Jerry Yang氏

米Yahoo!は11月17日(現地時間)、同社共同創業者でCEOのJerry Yang氏の辞任を発表した。同社は現在新CEOを選出している段階であり、後任が決まり次第交替を行う。以後、Yang氏は2007年6月のCEO就任以前のChief Yahoo!の職へと戻り、CEO辞任後も引き続き同社ボードメンバーとして在籍する。

後任CEOの選出は同社会長のRoy Bostock氏を中心に、Yang氏ならびに外部役員との協議のうえで進めることになる。CEO候補は内部からの選出と外部からの招致の両方の可能性を模索しており、国際的な幹部ヘッドハンティングで名高いHeidrick & Strugglesに協力を仰いでいる。Bostock氏は「過去1年半、並々ならぬ困難と混乱の中、Jerry YangはオープンプラットフォームモデルにおけるYahoo!の戦略転換を率い、コストと売上の両面で改善に尽くした。そしてわれわれはいま、Yahoo!を次のレベルへと引き上げることが可能な新CEOへの引き継ぎに最適なタイミングだという意見で一致した」とコメントし、Yang氏の功績を称えている。

このようにYahoo!側ではYang氏のCEO辞任を勇退だと強調しているものの、実際にはMicrosoft買収撤回後の株価急落、そしてGoogleと進めていた提携が破談したことで、株主らを中心とした外部からのプレッシャーに耐えられなくなったことが原因とみられる。MicrosoftがYahoo!買収を打診していた2008年前半、Yahoo!株価は30ドルに近い水準で推移していたものの買収撤回後は20ドル前後まで急落、さらに昨今の金融危機で株価はさらに下落を続け、ついに11月13日の取引時間中には10ドルを下回る水準まで落ち込んでしまった。

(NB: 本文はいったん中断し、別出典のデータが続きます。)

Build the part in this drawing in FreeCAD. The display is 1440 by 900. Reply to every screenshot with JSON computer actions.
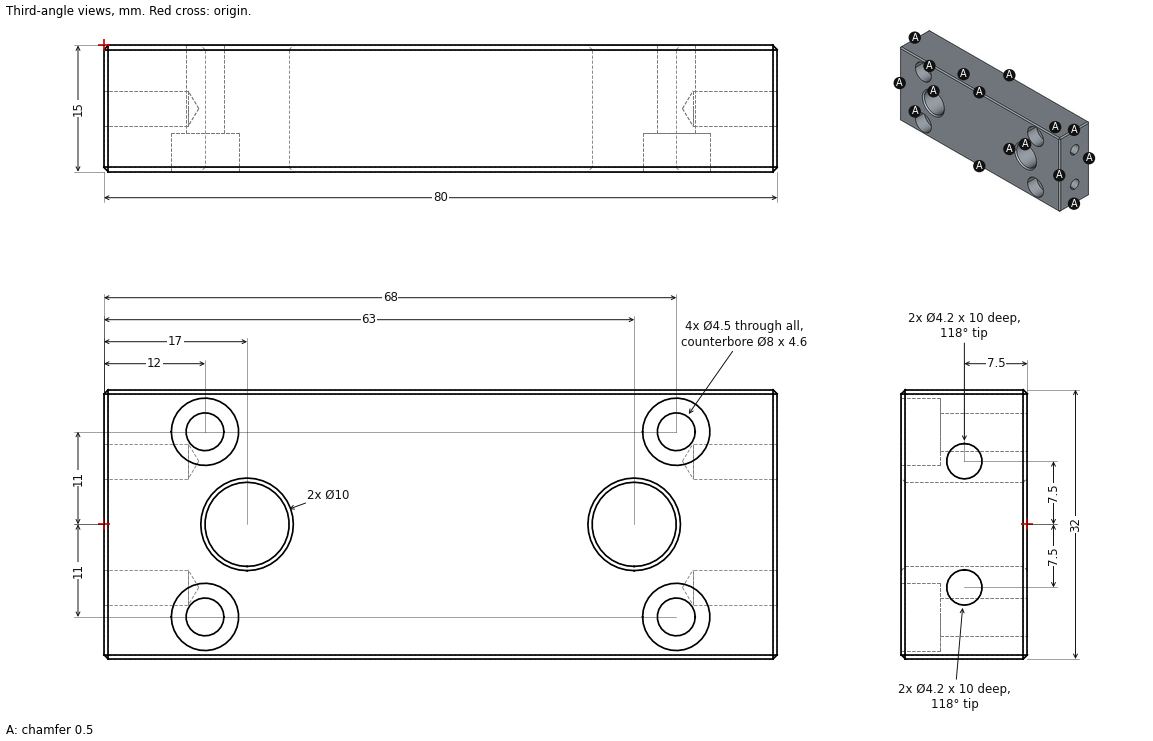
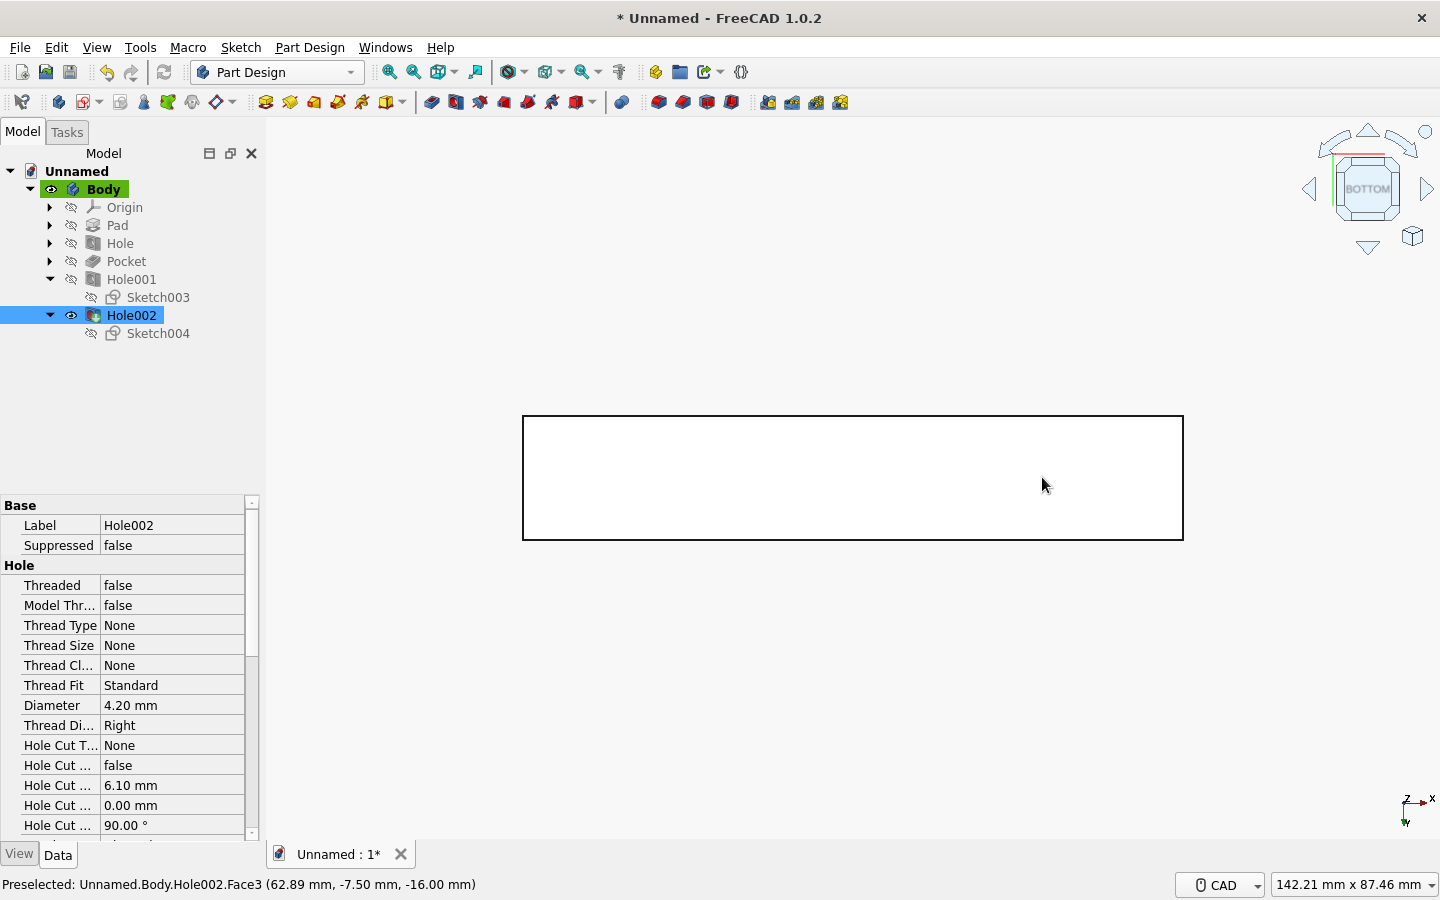
{"action": "key", "text": "4"}

Microsoftの1株あたり31ドルの買収提案の時期と比較して、現在の株価は3分の1未満の水準だ。Yang氏を中心とした経営チームは株価下落分をカバーするだけの戦略を打ち出す必要性に迫られていたが、その起死回生策のひとつがGoogleとの提携だった。だが提携はMicrosoftや広告主団体らの猛烈な反対を受け、米司法省による独占禁止法違反の審査が進むと、見通しが困難と判断したGoogleは提携を打ち切ってしまう。これが歯止めとなり、Yahoo!浮上の可能性が閉ざされてしまった。Yang氏はMicrosoft買収に反対していた強行派として知られており、今回の辞任はその責任をとったと考えるのが自然だろう。

だがYang氏CEO辞任後のYahoo!の見通しは依然として不透明だ。Microsoftによる買収の直接の障壁はなくなったものの、Yang氏は依然として同社に影響力を持っているとみられ、買収が一筋縄で成立するとは考えにくい。Microsoft自身も買収を表明していた時期と比べて時価総額が3分の2近くまで落ち込んでおり、今後の金融危機の影響を考えると多大なキャッシュを動かす買収のハードルは以前より高くなっている。Googleも前述の理由で再びYahoo!との連携にすぐに動き出す可能性は低く、しばらくは膠着状態が続くことになるのではないだろうか。